Splitting Wood

i.

I am tired of speaking
to the cleft whose head
points down to stars
as if stones were light
to be picked up, thrown
landing as they must in
that dome which contains me

A caricature drawn of itself
written of its own bones, dust
etched on a stone wall in shapes
whose colors dim to discovery

It is the language of surfaces
that smears the fullness of truth
the ox, the spear, the feigned lunge
and the secrets of the failed hunt

It is the language of rudiments
bent plastic magnets stuck on
the ice box in a disarray of letters
colored wildly as habit denies it

And all this grown to clockwork
where gears drive the hand back
in an empty circle that does not
know beginnings from any end

The left side cleft straight in purpose
while the right staggers at the gap
and in the middle, nothing but empty
distances wanting to be worked like stone

So I will mend this with a lie, for now
I have become a shape frozen in rock:
how true the left half stamps forward
fixed solidly on stars beneath its feet

For that dome, cleft in war, not hunts,
shakes its parts like a formed rattle
bawling to see the deep void of space
which already sliced through half unseen.

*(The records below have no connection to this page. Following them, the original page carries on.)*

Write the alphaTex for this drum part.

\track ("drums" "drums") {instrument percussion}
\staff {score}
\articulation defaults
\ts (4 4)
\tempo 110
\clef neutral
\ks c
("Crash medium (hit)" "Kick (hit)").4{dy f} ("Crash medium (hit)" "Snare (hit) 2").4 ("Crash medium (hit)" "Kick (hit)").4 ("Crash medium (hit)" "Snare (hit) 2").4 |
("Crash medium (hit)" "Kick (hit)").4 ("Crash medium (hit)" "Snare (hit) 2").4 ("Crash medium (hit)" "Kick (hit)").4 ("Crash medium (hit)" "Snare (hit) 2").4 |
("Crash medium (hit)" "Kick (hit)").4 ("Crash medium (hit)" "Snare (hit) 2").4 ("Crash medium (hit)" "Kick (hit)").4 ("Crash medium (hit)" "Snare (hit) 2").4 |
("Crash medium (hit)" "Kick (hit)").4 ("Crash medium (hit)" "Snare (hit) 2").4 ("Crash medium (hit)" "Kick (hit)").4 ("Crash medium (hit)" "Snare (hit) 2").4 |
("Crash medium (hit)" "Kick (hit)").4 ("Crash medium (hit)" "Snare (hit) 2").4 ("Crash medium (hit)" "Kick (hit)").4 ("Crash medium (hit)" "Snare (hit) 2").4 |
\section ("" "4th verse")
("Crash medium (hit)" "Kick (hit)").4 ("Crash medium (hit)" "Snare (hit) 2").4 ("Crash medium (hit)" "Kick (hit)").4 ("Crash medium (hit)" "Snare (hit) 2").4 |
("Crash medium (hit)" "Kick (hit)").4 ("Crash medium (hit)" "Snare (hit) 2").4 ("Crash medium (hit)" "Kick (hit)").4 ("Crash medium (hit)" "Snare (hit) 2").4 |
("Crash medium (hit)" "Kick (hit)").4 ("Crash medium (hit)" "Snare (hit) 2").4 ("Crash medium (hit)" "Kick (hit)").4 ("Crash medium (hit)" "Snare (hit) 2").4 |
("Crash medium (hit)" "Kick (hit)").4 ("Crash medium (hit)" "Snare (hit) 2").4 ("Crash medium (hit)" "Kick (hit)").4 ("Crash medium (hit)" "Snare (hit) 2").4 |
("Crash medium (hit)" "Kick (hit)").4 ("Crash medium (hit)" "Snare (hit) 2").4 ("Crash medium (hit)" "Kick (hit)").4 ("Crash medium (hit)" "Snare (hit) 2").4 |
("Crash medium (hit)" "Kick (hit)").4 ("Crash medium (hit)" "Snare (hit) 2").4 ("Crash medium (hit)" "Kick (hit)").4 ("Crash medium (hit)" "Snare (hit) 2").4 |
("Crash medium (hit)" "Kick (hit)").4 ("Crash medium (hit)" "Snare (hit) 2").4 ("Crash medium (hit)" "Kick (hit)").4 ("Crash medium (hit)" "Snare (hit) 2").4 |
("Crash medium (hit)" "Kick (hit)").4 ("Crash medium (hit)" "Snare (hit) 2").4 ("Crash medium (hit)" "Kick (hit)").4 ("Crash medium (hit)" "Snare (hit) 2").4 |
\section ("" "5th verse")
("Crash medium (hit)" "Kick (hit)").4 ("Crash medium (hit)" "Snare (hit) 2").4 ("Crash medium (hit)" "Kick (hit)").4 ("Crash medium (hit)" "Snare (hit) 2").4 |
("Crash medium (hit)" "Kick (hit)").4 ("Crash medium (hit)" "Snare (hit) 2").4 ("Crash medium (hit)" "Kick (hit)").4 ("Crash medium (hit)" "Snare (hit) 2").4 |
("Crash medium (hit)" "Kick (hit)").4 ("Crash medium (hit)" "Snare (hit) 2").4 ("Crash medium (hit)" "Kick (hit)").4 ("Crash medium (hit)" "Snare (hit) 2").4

I am tired of speaking at nothingness
rigged with bent wire into pinwheels
that flutter like meaning in blown air,
up through the cleft that severs thought
into the left flowering empty in designs
while the right flooded by all that falls
prays tomorrow might arrive whole

As Pharisees wrapping a God in law
who made squirrels that leap random,
and the night where rote soothed little
out past the chill of air on clear glass

Here is the second lie; a formula 
to embrace like it must know you
locked in measurements as desired
subdued to your own reflection
that happily commits perfect contours

The slow drain of water past the cleft;
I see you now on gray rock surrounded
pulling down all that rises in panic:
dimensions surrounded by wildflowers
whose tiny colors pierce gray rock
in that multitude, on the right behind

This was the hour that called for
the great fall past the cleft of lies
that comforts your face each morning
packed on, in the perfect mirror
where no thing outside the frame
touches what falls beneath your feet

The small frame hanging on the wall
transfixed in tight record, of how
the same might be arranged into more
without needing that frightful step
away from the face that lingers on
staring fixed so frightfully cool

ii.

Yes, I have seen what little is seen
indulging circles always turned within
where the snake eating from its own tail
eventually sees itself eye to mouth

They are old stories larger than equations taught
by wrote chanting flicked beads madly to and fro

iii.

This is why:
You are everything that I can ever be
far outside the mirror
in the lake, deep with blue
a sky touching smooth surfaces
the wet mud bed below
with strange fish swimming

And that face fixed in traps
cleft down to the bottom gate
shattered out the top
looking like photographs
posed in black and white

Manipulator of perception
where truth is imagined
to close a deal with oneself
simply to appear what isn't

Unaware each shadow kills
what is most important

iv.

Poor me. No, poor me.
Yes, poor me. Poor me. Oh,
poor me. Poor. No. Me. Me.
Poor me.

v.

Clink. I insert card 89. Revv
Tink! In the gear turn seven
rooound... yes!

click clock, click clock,
click clock...

vi.

Of course it's me
how could it be
anyone different

I built this
as it was meant
to be me

Not like some
wildflower weed
sprouting unforeseen
like it might

But rather me
as I truly am
when I say so
and not seem

And yes I am
perfectly aware
when I lie

You think that
says something
different about
who am I?

vii.

When everyone says the same thing
I wander through the tall trees
draped with wet moss in between
all that will never be said unseen

Through fungus on the crackled sticks
flickers of light passing through boughs
and the scent that raises up fresh heights
across a face lifted in the space of thick growth

And these little square machines picking cubes
from thin air to shine like adornments
a toaster dressed to please the fridge
or the oven to show the stove who's who

Ask me, whose bare feet are wet from walking
on the cold, slimy rocks of the fast, deep creek
to fold my limbs up in the shape of geometry
just to please a box whose metal fears to breathe?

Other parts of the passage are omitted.